----- Source records

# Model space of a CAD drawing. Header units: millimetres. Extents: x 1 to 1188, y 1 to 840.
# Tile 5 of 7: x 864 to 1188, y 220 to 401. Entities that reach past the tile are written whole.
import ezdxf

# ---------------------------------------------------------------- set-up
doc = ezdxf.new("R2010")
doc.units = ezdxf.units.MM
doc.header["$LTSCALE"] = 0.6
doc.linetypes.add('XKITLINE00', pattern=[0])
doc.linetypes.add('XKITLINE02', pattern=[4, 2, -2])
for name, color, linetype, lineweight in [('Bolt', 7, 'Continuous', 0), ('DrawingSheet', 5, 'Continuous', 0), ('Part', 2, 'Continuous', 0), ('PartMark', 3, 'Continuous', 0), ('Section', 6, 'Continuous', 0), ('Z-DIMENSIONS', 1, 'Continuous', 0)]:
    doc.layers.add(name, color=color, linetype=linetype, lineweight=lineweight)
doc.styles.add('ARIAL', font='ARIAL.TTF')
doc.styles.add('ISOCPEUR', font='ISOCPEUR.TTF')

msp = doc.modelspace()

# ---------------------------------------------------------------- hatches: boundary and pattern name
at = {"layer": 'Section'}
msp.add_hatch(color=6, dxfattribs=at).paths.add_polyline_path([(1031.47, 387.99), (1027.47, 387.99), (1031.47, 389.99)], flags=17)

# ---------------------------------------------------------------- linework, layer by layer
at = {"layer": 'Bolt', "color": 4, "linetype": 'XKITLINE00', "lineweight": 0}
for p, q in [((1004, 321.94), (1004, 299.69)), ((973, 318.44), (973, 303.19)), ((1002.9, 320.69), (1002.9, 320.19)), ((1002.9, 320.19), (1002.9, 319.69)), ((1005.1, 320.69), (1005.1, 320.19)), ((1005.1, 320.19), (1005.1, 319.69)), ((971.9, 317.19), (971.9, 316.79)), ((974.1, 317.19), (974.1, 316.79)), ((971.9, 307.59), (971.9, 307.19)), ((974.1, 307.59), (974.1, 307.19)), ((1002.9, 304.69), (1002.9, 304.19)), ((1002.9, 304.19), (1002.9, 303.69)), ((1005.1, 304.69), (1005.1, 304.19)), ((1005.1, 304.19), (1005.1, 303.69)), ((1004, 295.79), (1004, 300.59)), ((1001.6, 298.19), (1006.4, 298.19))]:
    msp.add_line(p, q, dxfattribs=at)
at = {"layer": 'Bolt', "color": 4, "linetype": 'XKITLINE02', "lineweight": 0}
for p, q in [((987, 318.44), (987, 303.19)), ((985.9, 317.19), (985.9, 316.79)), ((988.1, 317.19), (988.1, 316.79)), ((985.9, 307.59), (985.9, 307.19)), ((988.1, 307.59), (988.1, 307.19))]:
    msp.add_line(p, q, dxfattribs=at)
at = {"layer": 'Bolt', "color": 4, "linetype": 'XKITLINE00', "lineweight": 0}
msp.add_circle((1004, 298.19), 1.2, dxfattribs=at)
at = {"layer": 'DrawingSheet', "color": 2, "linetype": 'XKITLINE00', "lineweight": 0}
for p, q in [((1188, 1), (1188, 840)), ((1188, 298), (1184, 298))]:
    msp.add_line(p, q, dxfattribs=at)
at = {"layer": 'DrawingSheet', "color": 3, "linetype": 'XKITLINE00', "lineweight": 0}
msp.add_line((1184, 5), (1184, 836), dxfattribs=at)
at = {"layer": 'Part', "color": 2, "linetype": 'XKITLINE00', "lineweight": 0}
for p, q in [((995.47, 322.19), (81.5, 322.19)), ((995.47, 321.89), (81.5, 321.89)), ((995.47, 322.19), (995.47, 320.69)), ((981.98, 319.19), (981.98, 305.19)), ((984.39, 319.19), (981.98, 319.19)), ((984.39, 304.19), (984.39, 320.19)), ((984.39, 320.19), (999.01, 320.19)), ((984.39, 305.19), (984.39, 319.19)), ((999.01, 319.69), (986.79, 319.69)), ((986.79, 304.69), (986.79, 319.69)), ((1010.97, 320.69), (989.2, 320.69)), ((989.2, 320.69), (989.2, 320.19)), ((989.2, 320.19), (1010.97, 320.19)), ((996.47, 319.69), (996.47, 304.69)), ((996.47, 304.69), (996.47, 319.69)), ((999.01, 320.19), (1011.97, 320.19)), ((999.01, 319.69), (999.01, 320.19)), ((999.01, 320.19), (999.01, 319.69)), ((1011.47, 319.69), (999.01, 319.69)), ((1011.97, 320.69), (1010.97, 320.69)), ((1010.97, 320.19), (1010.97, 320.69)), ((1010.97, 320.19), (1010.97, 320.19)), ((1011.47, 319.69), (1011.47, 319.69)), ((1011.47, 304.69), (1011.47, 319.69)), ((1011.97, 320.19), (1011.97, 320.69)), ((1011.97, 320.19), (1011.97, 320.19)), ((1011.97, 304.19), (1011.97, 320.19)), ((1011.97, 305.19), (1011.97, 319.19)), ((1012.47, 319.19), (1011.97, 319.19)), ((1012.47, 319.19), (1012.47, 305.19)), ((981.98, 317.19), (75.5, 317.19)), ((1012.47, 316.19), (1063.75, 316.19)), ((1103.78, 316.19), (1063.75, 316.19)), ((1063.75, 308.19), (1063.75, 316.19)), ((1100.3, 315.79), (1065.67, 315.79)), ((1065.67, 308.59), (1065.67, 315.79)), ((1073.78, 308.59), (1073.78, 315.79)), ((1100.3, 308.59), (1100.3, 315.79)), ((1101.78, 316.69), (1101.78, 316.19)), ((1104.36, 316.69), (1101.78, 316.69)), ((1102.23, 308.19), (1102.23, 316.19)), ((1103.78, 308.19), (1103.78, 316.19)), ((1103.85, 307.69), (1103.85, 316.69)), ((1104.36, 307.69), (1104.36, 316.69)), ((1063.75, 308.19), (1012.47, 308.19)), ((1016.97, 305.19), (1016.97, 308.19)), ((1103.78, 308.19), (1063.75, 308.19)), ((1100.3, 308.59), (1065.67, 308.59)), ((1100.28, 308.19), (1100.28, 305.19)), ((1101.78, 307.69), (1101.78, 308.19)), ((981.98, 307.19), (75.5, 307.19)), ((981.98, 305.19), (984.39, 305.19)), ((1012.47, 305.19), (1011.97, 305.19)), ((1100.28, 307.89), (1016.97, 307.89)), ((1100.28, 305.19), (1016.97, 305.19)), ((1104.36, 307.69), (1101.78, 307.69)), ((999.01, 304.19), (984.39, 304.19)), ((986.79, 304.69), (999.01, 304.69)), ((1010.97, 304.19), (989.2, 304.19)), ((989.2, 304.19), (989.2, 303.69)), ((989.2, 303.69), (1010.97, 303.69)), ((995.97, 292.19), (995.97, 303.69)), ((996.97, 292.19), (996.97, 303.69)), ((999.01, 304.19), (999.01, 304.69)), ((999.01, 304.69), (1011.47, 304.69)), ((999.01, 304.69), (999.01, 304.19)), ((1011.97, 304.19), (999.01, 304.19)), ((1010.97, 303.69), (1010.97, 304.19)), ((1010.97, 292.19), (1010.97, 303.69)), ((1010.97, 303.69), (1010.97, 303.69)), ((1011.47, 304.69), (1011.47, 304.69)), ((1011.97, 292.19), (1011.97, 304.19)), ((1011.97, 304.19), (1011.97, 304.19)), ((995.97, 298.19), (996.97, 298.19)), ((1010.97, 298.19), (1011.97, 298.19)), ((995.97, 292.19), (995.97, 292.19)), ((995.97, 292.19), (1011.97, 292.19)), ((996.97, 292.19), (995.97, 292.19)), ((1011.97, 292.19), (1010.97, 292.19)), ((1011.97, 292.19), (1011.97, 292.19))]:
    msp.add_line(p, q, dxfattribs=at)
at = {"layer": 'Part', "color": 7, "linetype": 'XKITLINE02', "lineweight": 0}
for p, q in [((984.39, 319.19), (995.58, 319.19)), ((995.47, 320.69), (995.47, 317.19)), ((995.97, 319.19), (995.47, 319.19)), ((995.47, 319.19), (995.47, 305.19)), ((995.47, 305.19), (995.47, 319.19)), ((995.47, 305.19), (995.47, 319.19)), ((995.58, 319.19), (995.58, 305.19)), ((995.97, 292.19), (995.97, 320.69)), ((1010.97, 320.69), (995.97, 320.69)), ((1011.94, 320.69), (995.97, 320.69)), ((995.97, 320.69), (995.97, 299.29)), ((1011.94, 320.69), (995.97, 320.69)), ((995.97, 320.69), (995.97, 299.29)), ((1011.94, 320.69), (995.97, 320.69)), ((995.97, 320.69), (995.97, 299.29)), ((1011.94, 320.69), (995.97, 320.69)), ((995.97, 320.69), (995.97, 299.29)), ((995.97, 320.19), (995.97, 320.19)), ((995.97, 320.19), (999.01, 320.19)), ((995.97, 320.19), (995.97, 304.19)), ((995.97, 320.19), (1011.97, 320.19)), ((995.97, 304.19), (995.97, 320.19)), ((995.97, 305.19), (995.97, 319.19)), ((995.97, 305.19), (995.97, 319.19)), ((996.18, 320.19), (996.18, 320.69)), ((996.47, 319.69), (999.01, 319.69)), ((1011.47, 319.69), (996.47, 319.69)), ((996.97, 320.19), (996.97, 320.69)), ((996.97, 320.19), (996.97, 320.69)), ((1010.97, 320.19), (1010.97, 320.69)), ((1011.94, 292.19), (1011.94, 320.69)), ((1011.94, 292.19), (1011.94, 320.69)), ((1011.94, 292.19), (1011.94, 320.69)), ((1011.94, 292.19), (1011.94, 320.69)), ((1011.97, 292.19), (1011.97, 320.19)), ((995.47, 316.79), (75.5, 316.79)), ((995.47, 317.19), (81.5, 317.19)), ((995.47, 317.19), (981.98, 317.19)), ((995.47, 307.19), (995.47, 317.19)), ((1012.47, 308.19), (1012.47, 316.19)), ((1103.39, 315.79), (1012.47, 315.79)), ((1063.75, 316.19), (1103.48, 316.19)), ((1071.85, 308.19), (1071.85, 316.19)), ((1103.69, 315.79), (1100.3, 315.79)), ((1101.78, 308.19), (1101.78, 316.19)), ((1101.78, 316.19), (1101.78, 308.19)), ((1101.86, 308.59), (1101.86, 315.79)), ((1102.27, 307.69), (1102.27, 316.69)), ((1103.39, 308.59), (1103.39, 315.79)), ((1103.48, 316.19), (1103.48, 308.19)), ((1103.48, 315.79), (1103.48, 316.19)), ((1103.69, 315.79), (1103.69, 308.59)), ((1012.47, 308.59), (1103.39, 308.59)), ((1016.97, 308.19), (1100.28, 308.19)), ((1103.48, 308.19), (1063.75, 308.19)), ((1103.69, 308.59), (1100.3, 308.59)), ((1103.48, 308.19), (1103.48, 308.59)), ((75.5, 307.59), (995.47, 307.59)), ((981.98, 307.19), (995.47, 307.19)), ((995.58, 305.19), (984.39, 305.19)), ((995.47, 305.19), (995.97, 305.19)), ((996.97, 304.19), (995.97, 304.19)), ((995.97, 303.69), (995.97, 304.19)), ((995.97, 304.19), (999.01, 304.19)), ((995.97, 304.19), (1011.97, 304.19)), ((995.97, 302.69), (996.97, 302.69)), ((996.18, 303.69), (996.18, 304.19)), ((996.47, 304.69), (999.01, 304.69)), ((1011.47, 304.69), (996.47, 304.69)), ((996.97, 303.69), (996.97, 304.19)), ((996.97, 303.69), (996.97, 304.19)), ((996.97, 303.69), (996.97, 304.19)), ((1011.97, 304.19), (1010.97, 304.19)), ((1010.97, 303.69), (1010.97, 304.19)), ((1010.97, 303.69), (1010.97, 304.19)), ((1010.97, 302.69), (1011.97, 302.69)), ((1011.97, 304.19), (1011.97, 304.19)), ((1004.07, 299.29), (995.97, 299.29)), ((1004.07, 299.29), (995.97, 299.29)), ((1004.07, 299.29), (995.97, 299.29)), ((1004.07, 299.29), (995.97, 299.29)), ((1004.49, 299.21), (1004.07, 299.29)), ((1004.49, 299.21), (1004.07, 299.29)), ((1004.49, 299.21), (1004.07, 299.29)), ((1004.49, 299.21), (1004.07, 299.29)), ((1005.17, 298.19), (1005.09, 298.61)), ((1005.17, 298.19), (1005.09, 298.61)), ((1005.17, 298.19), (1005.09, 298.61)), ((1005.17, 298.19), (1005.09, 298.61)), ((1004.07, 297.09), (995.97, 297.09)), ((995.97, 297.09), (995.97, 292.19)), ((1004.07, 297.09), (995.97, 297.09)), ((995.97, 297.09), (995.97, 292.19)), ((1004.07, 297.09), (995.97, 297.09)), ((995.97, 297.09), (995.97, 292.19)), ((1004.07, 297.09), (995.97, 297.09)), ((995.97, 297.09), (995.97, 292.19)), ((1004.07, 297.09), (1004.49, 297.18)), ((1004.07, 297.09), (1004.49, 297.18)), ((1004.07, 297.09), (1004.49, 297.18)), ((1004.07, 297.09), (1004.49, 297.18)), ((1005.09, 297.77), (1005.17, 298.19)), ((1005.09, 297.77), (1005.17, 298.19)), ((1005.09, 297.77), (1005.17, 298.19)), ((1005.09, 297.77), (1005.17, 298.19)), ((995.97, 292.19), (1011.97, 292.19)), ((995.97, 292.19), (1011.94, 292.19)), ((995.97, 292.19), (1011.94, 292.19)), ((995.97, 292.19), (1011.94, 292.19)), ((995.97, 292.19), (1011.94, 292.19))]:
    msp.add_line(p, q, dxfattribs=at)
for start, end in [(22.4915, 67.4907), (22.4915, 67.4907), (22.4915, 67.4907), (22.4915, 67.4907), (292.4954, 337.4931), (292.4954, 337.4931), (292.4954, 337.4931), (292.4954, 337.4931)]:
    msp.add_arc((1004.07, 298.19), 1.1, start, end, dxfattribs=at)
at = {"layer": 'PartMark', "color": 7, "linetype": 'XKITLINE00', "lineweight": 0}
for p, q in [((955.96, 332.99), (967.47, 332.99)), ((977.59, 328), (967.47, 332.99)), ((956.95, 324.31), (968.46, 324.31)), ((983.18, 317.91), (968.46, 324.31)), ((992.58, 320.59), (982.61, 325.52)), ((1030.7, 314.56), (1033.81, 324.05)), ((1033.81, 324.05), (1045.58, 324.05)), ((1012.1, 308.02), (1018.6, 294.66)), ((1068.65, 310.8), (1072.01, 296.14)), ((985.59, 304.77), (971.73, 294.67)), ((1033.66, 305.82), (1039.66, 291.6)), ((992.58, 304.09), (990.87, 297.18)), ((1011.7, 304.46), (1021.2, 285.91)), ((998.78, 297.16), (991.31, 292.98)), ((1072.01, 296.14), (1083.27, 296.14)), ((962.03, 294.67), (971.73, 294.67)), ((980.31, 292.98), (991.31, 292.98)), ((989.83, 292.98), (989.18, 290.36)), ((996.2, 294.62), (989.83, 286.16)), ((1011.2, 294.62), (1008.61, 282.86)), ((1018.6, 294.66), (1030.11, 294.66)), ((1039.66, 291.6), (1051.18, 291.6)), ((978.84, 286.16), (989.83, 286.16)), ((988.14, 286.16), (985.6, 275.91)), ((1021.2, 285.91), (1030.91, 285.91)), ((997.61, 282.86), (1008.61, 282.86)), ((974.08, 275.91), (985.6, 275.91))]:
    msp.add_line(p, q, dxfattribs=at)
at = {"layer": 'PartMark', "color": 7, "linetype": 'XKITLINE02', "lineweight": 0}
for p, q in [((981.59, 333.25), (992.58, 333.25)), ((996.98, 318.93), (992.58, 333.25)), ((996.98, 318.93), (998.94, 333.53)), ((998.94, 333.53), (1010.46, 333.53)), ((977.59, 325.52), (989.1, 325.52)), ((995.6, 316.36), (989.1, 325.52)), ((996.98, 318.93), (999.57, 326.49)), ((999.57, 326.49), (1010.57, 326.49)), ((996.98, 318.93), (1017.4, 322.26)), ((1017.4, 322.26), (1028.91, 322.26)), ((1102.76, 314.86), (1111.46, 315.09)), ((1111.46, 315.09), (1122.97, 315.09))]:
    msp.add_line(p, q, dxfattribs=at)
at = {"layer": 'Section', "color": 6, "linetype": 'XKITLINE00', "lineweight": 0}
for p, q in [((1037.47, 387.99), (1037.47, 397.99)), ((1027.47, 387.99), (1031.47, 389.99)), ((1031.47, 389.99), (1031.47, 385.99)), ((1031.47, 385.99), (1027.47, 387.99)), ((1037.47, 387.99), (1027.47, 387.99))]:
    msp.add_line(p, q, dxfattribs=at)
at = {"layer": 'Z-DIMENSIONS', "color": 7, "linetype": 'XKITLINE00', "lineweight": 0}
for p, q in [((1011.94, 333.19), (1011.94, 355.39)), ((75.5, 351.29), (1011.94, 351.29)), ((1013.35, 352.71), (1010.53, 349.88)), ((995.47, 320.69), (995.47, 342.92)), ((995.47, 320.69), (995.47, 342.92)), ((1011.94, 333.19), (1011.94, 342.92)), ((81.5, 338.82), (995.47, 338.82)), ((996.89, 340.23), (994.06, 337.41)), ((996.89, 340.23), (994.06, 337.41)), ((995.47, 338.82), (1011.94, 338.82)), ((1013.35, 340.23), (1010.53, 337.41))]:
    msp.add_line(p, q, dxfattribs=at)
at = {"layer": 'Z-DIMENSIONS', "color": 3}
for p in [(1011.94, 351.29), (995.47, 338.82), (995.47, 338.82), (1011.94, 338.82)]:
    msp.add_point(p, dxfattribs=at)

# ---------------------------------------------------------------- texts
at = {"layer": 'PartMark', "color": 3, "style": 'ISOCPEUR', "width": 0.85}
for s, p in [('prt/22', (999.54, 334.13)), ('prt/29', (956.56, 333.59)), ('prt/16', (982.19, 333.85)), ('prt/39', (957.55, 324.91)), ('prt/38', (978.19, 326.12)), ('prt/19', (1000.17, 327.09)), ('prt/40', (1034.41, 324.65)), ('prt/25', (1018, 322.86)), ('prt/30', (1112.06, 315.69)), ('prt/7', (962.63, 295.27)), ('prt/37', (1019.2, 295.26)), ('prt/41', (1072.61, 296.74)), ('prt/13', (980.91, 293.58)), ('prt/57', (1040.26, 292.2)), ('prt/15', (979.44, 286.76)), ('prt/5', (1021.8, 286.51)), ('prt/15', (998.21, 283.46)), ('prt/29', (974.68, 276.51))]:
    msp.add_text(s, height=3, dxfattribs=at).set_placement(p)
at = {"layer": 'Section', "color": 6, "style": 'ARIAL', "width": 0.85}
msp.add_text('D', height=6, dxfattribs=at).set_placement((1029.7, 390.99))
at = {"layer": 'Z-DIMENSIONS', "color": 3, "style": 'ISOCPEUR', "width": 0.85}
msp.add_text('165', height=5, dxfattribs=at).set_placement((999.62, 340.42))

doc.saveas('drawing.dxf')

----------

What to work on » Report every line in the data above in which the word "linetypes" appears.

Your solution »
doc.linetypes.add('XKITLINE00', pattern=[0])
doc.linetypes.add('XKITLINE02', pattern=[4, 2, -2])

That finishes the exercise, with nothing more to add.